**Exercise prompt**
The output must start at the line containing "techniques: engraving, etching" in the records below and stop at the last line, matching each line exactly and leaving out every picture.

**Material for the task**
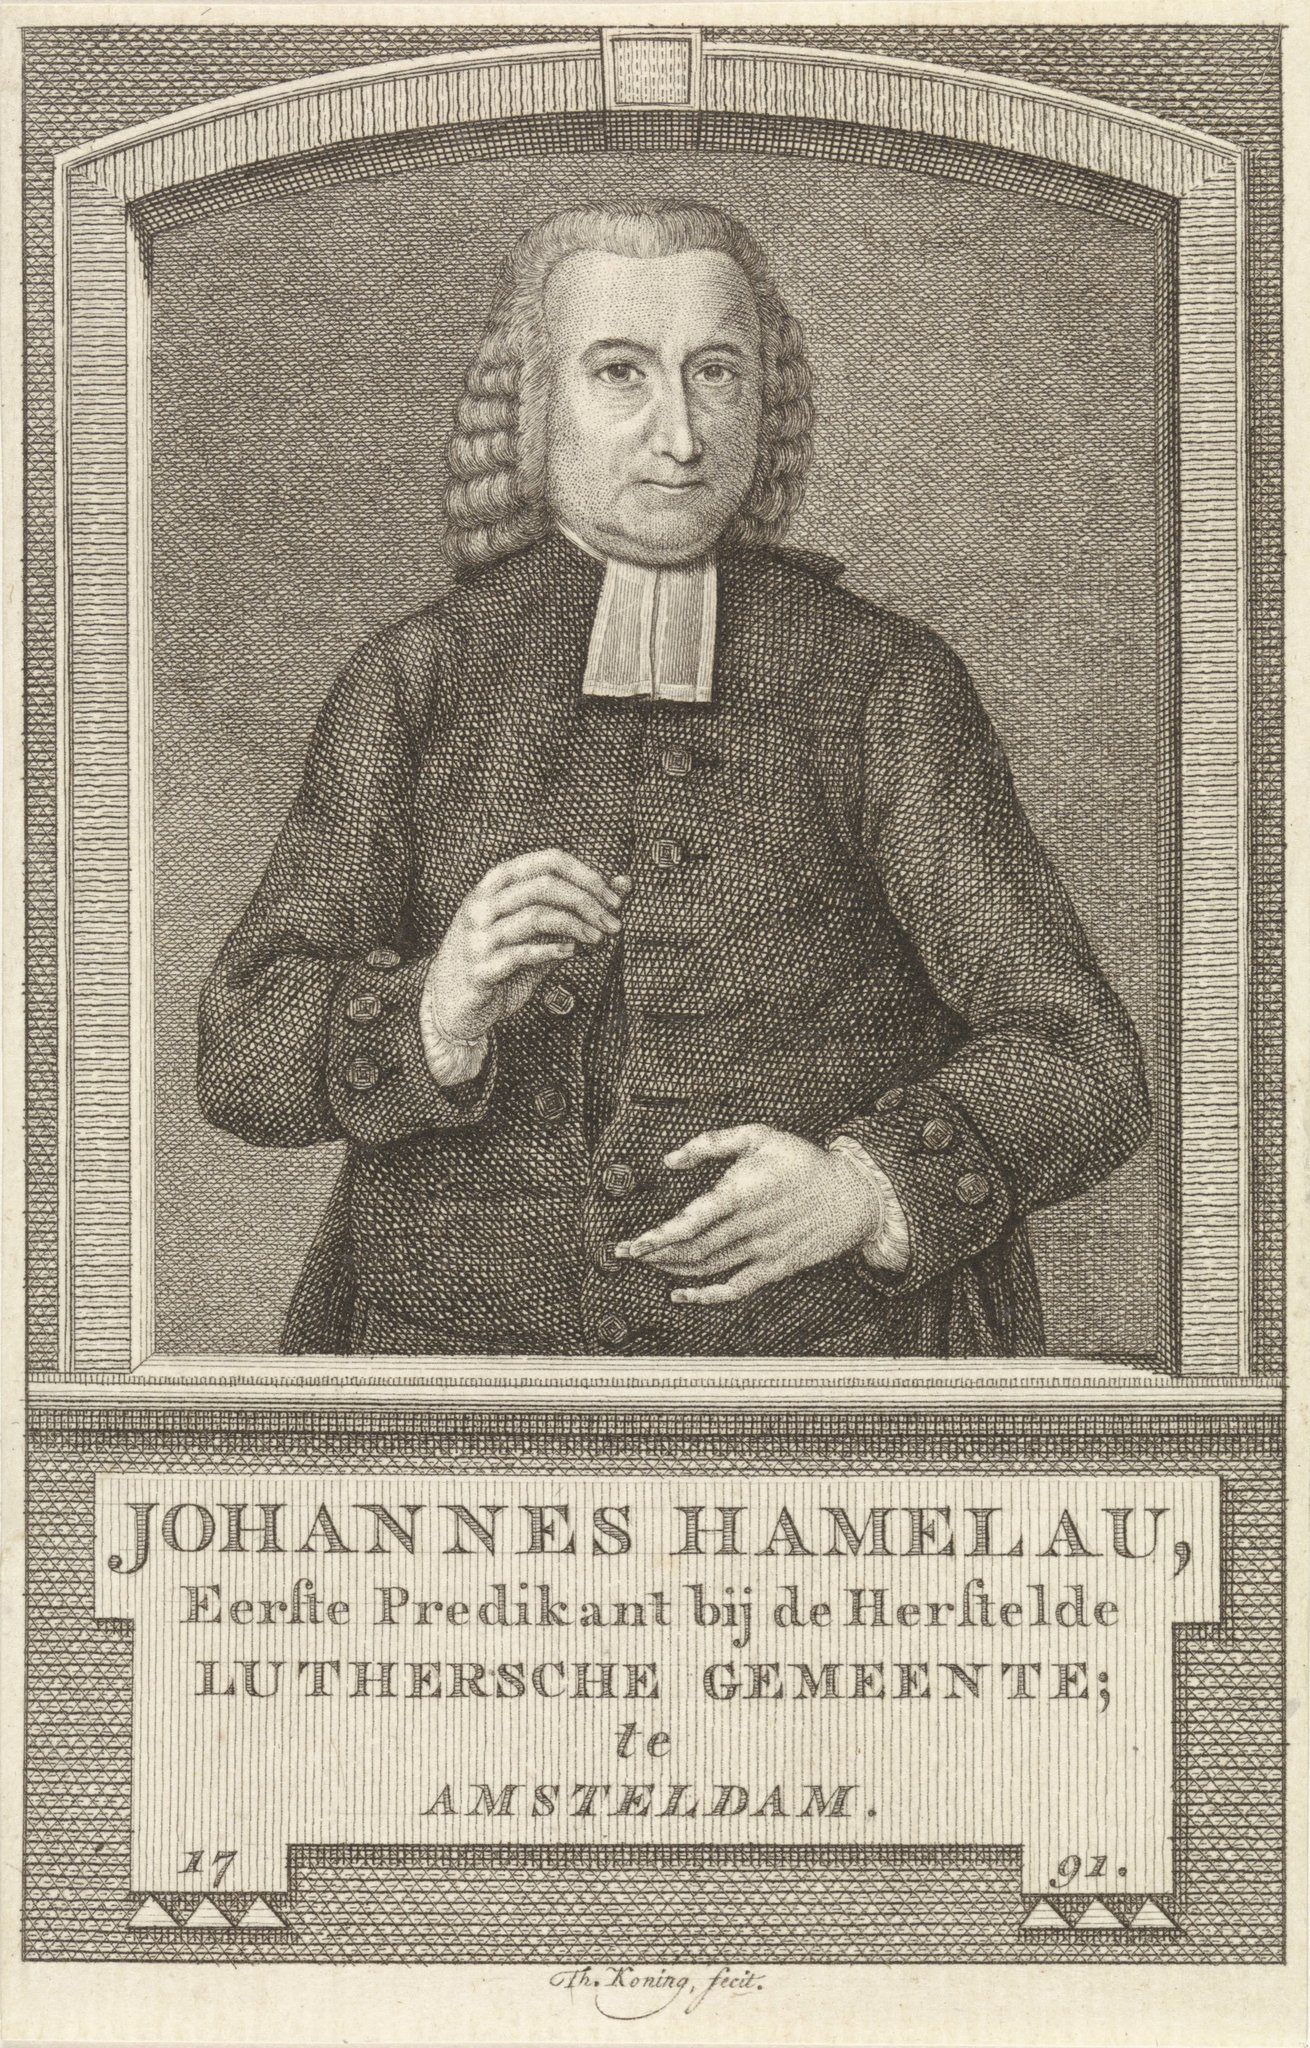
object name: print
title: Portret van Johannes Hamelau
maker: theodoor koning
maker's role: print maker
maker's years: 1748-1829
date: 1791
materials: paper
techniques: engraving, etching
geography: amsterdam
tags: predikant, johannes hamelau
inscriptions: collector's mark: Lugt 2228
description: Portret ten halven lijve van de predikant Johannes Hamelau in een venster. In de plaquette onder het venster staat een vijfregelig onderschrift.
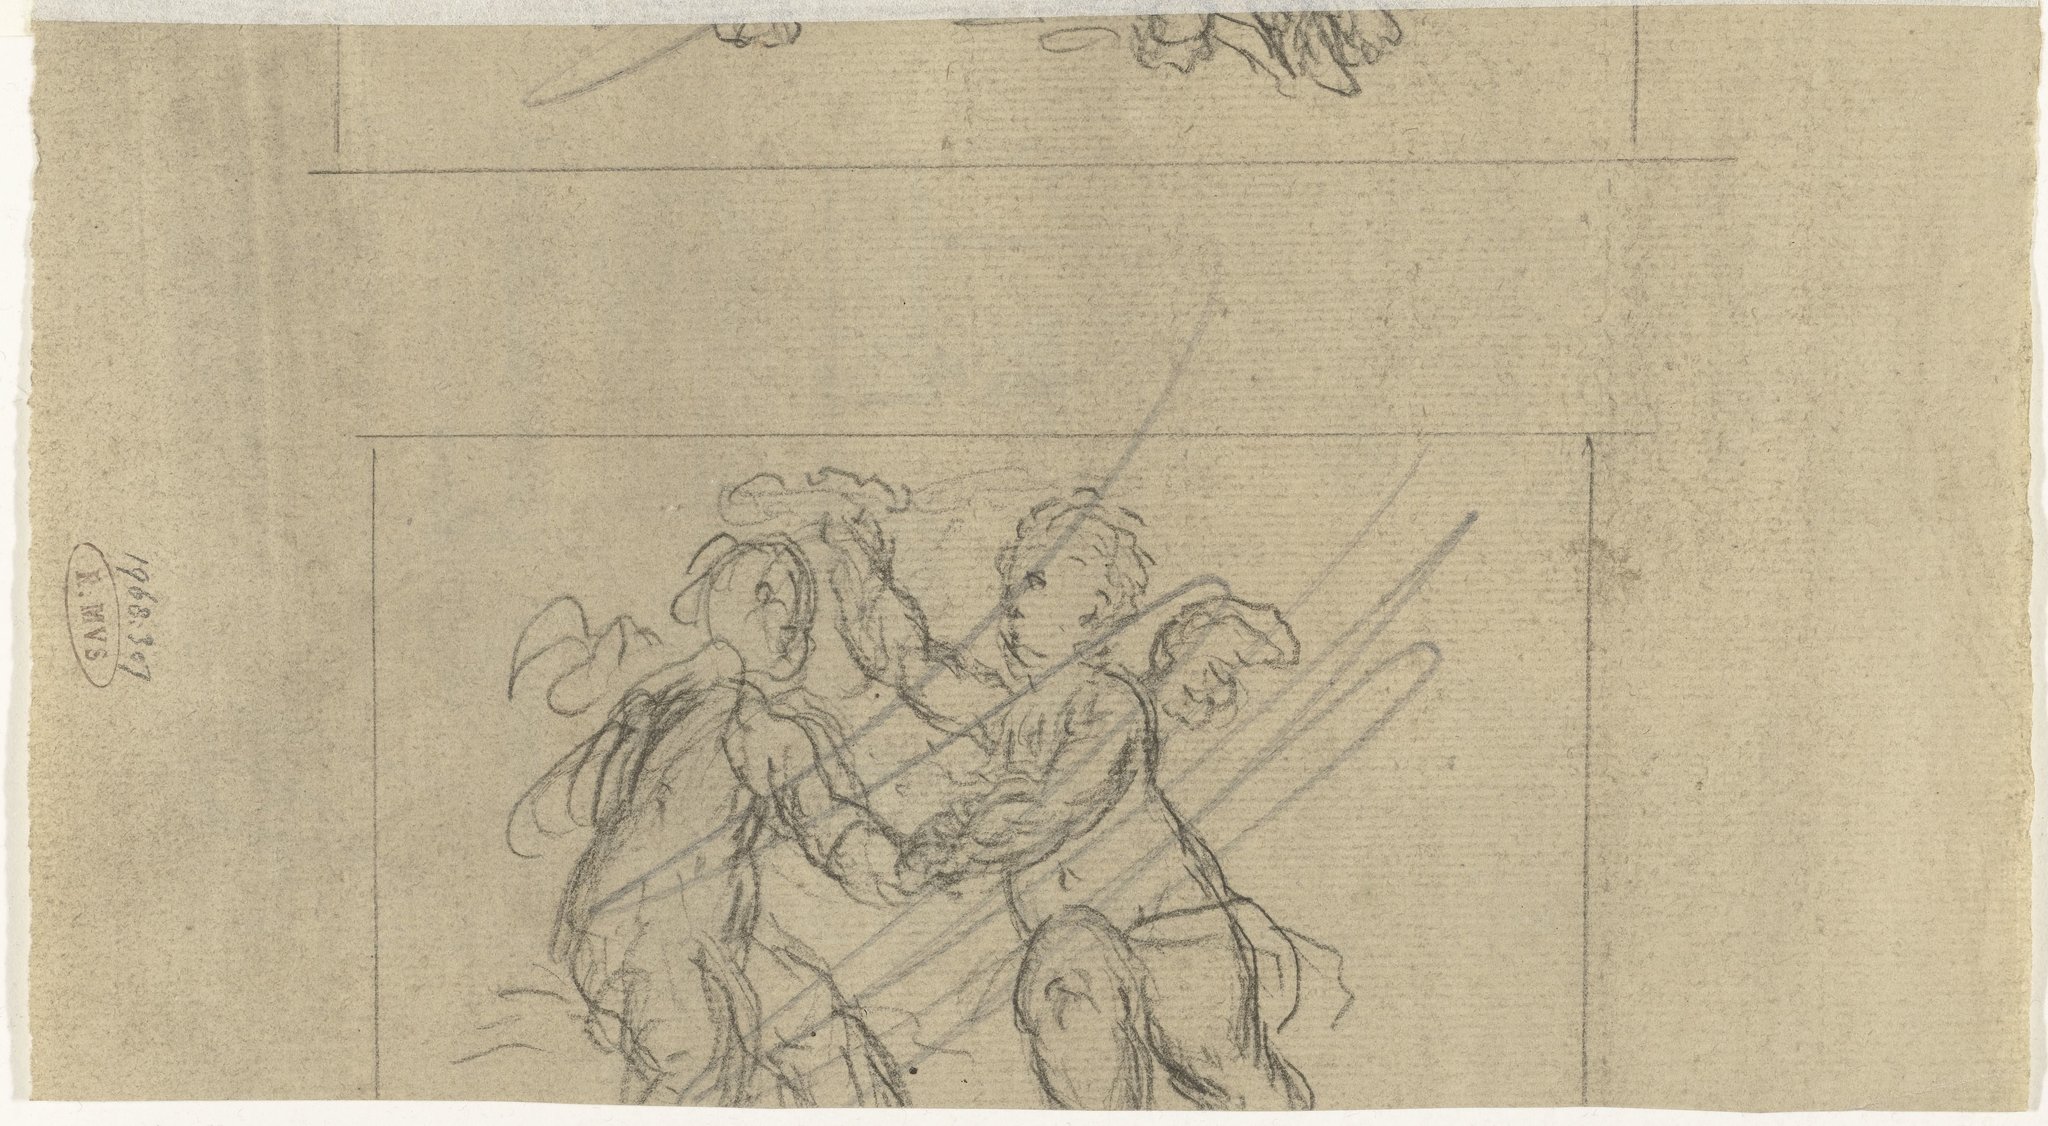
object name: design
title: Fragment van een studie met twee putti
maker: dionys van nijmegen
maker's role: draughtsman, painter
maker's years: 1705-1798
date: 1715-1798
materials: chalk, paper

**Problem solution**
techniques: engraving, etching
geography: amsterdam
tags: predikant, johannes hamelau
inscriptions: collector's mark: Lugt 2228
description: Portret ten halven lijve van de predikant Johannes Hamelau in een venster. In de plaquette onder het venster staat een vijfregelig onderschrift.
object name: design
title: Fragment van een studie met twee putti
maker: dionys van nijmegen
maker's role: draughtsman, painter
maker's years: 1705-1798
date: 1715-1798
materials: chalk, paper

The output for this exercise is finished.